Édito | Mars 2023

Aux alentours du 8 mars, comme pour la Saint-Valentin, nous verrons sans doute fleurir dans la presse et certains magasins liégeois des messages invitant la gent masculine, pour la « journée de la femme » à fêter leurs compagnes ou leurs secrétaires avec de l’électro-ménager, ou à tout le moins une rose. Et pourtant, l’esprit du 8 mars, c’est absolument l’opposé de cela. C’est l’unique journée mettant en lumière la lutte des femmes pour leurs droits. Une journée pour se souvenir de nos combats passés, de nos échecs et nos victoires, des petites ou grandes avancées et des retours en arrière. En Belgique, bien que nous bénéficiions d’une situation bien plus favorable qu’ailleurs, de nombreux défis demeurent, des forces de plus en plus vives oeuvrent dans l’ombre, ou même en pleine lumière, contre le « wokisme », cet état d’esprit « éveillé ». Mais que signifie ce mot apparemment si terrifiant ? C’est en réalité la simple prise de conscience qu’en tant que groupe dominant (celui des hommes, celui des hétéros, celui des blancs, celui des nantis, etc.) nous jouissons de certains privilèges. Au détriment de toutes ces autres personnes qui n’en bénéficient pas.
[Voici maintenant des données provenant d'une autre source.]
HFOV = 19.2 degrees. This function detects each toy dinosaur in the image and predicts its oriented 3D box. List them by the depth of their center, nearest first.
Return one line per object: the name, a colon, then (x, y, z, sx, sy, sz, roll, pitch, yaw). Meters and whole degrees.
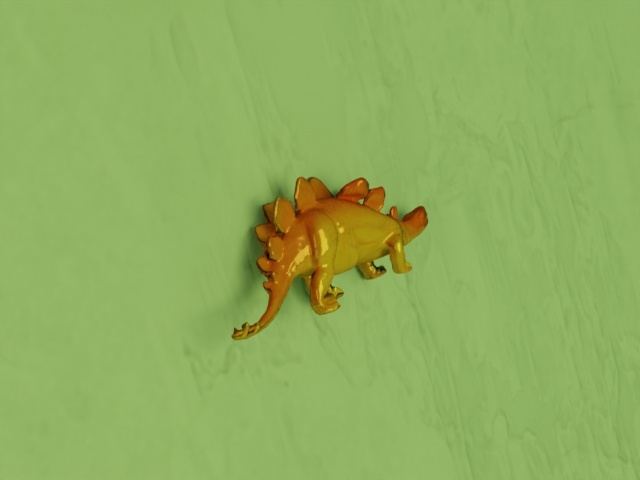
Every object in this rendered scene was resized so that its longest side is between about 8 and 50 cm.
toy dinosaur: (0.000, 0.000, 1.633, 0.288, 0.070, 0.117, -23, 96, -45)
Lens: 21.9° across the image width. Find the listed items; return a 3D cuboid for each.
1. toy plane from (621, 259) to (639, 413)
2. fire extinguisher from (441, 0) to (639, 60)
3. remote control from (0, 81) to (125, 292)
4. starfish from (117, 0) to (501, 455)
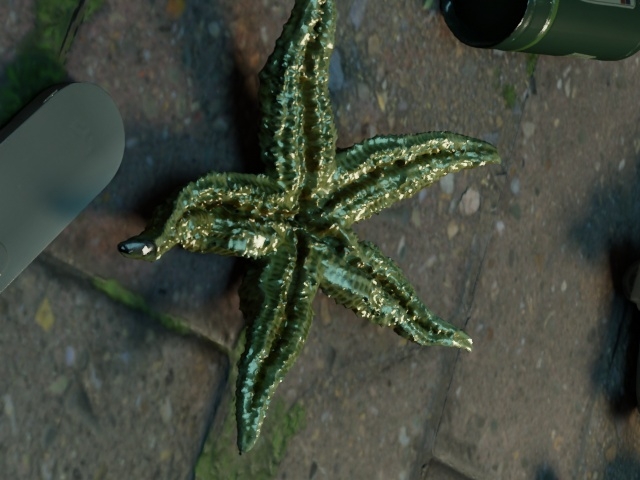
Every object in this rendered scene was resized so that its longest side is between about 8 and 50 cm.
[{"bbox_3d":[0.379,0.093,1.634,0.267,0.122,0.267,1,89,-51],"label":"toy plane"},{"bbox_3d":[0.228,-0.208,1.461,0.294,0.118,0.093,-3,129,-49],"label":"fire extinguisher"},{"bbox_3d":[-0.204,-0.013,1.019,0.245,0.022,0.077,-49,129,-35],"label":"remote control"},{"bbox_3d":[-0.001,0.001,1.213,0.358,0.078,0.347,53,53,-37],"label":"starfish"}]

En tant que lesbienne, j’ai été victime de discriminations, d’ostracisme, et même parfois de violences. Néanmoins je choisis d’être également consciente qu’en tant que femme blanche valide, je suis privilégiée. Contrairement par exemple aux nombreuses personnes transgenres précaires et/ou racisées, qui restent confrontées à la haine et l’intolérance, ainsi qu’au manque de perspectives de carrière, d’inclusion en général. Cette prise de conscience n’efface ni mes souffrances, ni la nécessité de mes luttes. Elle met au jour la nécessaire articulation de celles-ci autour de celles qui ne me concernent pas directement.
A la Maison Arc-en-Ciel de Liège, nous nous efforçons de rendre nos locaux et activités « safe » pour toutes les personnes LGBTQIA+. Mais c’est tout l’espace public, tous les lieux de travail, toutes les infrastructures de santé qui devraient toustes nous accueillir avec bienveillance. Au lieu de cela, stigmatisation et discrimination restent le lot quotidien de trop nombreuses personnes, et en particulier les femmes dans notre société.

S’inscrivant dans une série de partenariats liégeois, la MAC vous propose de nous souvenir de figures féminines du passé, d’abord en allant visiter l’exposition Constellations brisées, qui se tient à la Cité Miroir au mois d’avril. Le collectif Queer Code nous y invite à suivre les trajectoires de femmes déportées pendant la Seconde guerre mondiale pour avoir aimé d’autres femmes. L’exposition participative de mars à la MAC nous permettra de nous souvenir de toutes ces femmes, illustres ou inconnues, qui ont compté pour nous et de partager leur parcours. Il y sera également possible de (re)découvrir une excellente émission sur le Paris des années folles et les initiatives lesbiennes qui s’y sont déployées. Enfin, la projection de The Archivettes, le 6 mars, nous amènera à nous intéresser à la mémoire lesbienne et de réfléchir ensemble aux moyens de lutter contre notre talon d’Achille : l’absence de mémoire collective lesbienne et l’invisibilisation qui en découle.

Force est de constater que les associations, collectifs et personnes LGBTQIA+ ont souvent été les fers de lance des combats pour l’égalité des droits. La convergence des luttes, la conservation de nos mémoires collectives sont les clés qui nous permettront d’avancer, ensemble, vers un monde véritablement inclusif.